As indicated by the double dissolution earlier in the year, the ALP is strongly against the Coalition’s efforts to re-introduce the ACCC, arguing that the public should trust instead in Fair Work Building & Construction, set up as a replacement body after the ACCC was abolished in 2012. Essentially tasked with the same portfolio, the Fair Work Building & Construction watchdog has oversight of the use of coercive powers, but does not go as far as the ABCC once did. Labor argues that while such powers are subject to permission from the Administrative Appeals Tribunal, it allows for better policing in the industry.

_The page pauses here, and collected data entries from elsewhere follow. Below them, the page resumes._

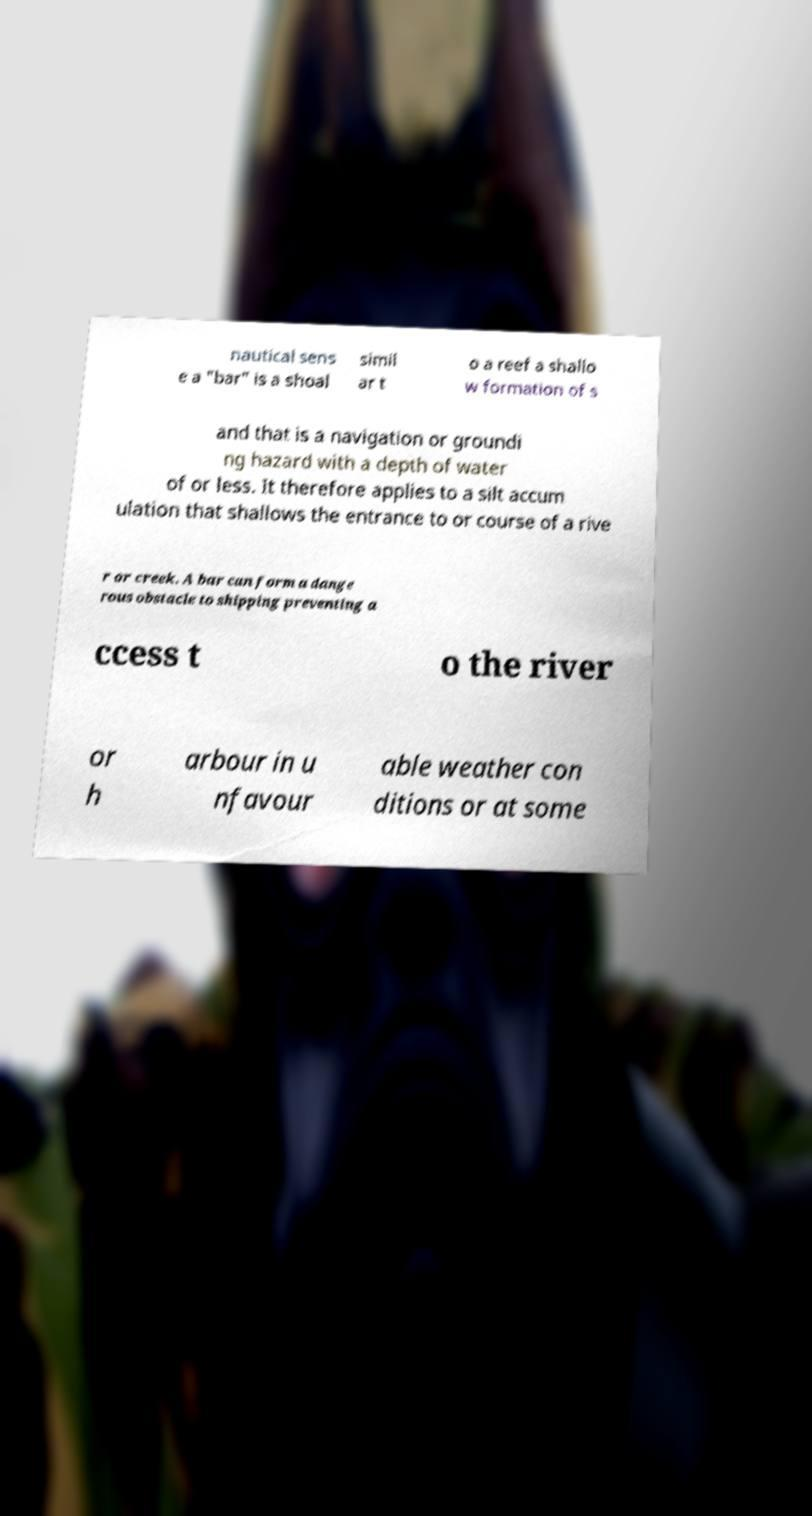Please identify and transcribe the text found in this image. nautical sens e a "bar" is a shoal simil ar t o a reef a shallo w formation of s and that is a navigation or groundi ng hazard with a depth of water of or less. It therefore applies to a silt accum ulation that shallows the entrance to or course of a rive r or creek. A bar can form a dange rous obstacle to shipping preventing a ccess t o the river or h arbour in u nfavour able weather con ditions or at some 
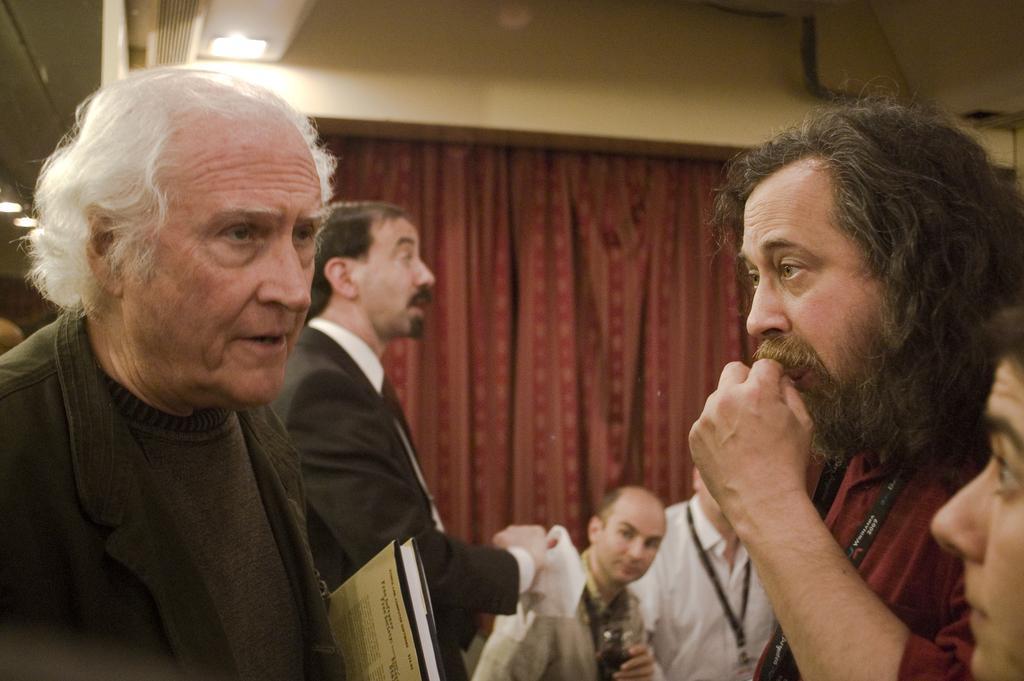Can you describe this image briefly? In this picture we can see people, here we can see files and some objects and in the background we can see a curtain, lights, wall and some objects. 
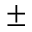Convert formula to latex. <formula><loc_0><loc_0><loc_500><loc_500>\pm</formula> 
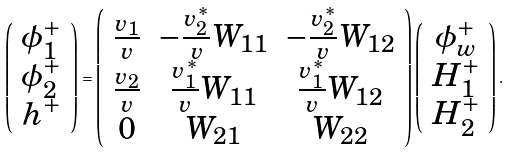<formula> <loc_0><loc_0><loc_500><loc_500>\left ( \begin{array} { c } { { \phi _ { 1 } ^ { + } } } \\ { { \phi _ { 2 } ^ { + } } } \\ { { h ^ { + } } } \end{array} \right ) = \left ( \begin{array} { c c c } { { \frac { v _ { 1 } } { v } } } & { { - \frac { v _ { 2 } ^ { * } } { v } W _ { 1 1 } } } & { { - \frac { v _ { 2 } ^ { * } } { v } W _ { 1 2 } } } \\ { { \frac { v _ { 2 } } { v } } } & { { \frac { v _ { 1 } ^ { * } } { v } W _ { 1 1 } } } & { { \frac { v _ { 1 } ^ { * } } { v } W _ { 1 2 } } } \\ { 0 } & { { W _ { 2 1 } } } & { { W _ { 2 2 } } } \end{array} \right ) \left ( \begin{array} { c } { { \phi _ { w } ^ { + } } } \\ { { H _ { 1 } ^ { + } } } \\ { { H _ { 2 } ^ { + } } } \end{array} \right ) .</formula> 
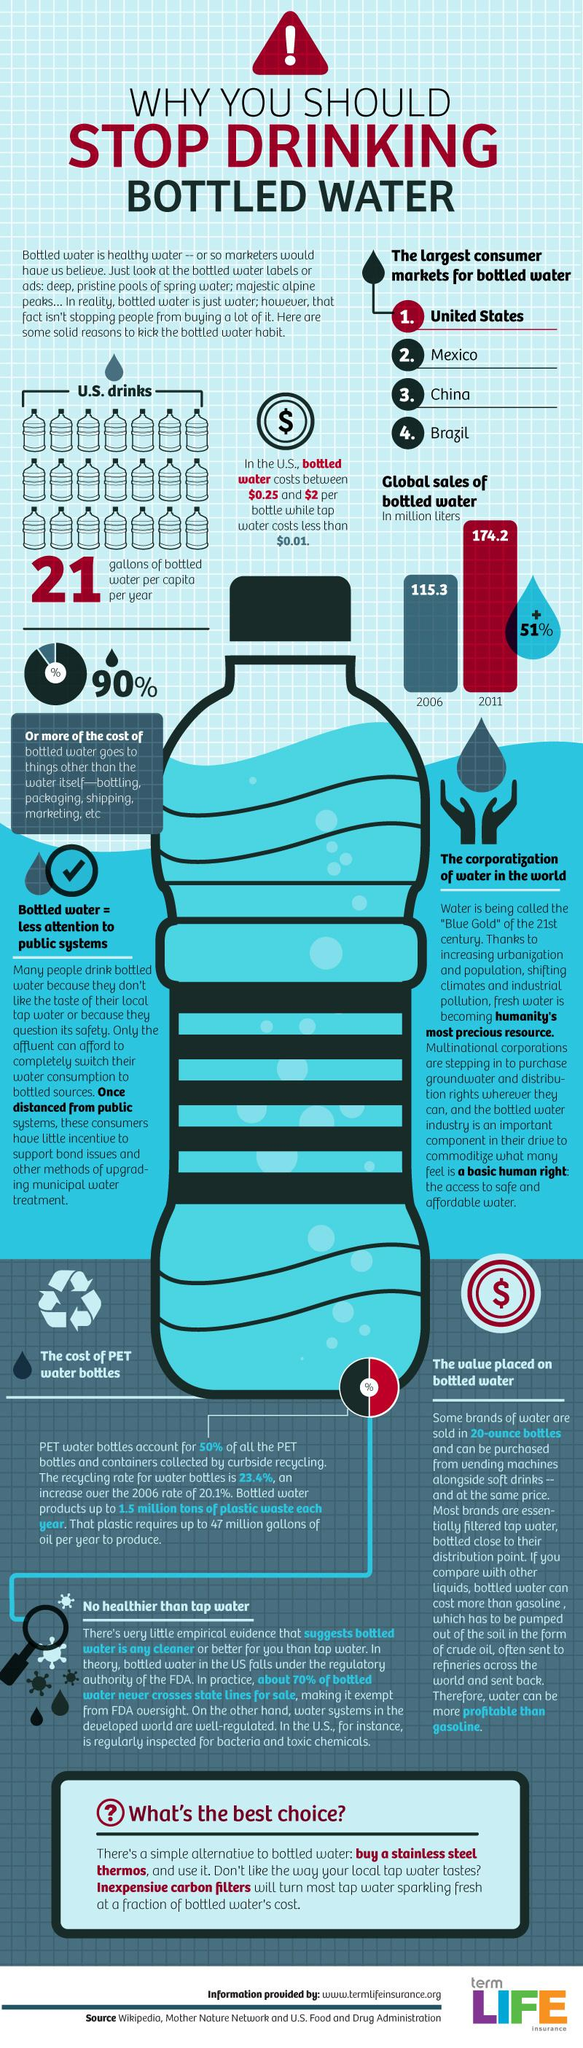Indicate a few pertinent items in this graphic. The global sales of bottled water increased by 58.9 million liters from 2006 to 2011. The number of sources listed is 3. 
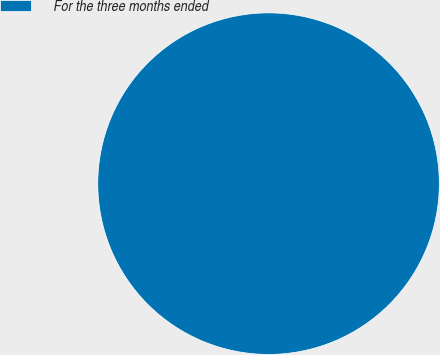Convert chart. <chart><loc_0><loc_0><loc_500><loc_500><pie_chart><fcel>For the three months ended<nl><fcel>100.0%<nl></chart>

Regarding the debate on penalty rates, Bill Shorten has had a hard time making promises to both the business owners that are likely to benefit from such cuts as well as the unions that form the ALP’s base. This has led to Shorten publicly labelling the Labor Party as the ‘party of penalty rates’ in one instance, only to backtrack and state that there are no guarantees that such penalty cuts will not occur. Essentially, the ALP sees penalty rates as a ‘fundamental part of a strong safety net for Australian workers’, but are willing to follow their counterparts in abiding by the Fair Work Commission’s ruling on the matter.

Greens

Like Labor, the Greens are also against the reestablishment of the ACCC but unlike Shorten who trusts in the new body created by his predecessors, the Greens are proposing a national broad-based anti-corruption watchdog that cracks down on all forms of corruption, regardless of the industry. In February, prominent Greens MP Adam Bandt argued that both blue collar and white collar workers should be subject to such watchdogs and that previous governments have ‘turned the other way’ when it came to corruption in the corporate world.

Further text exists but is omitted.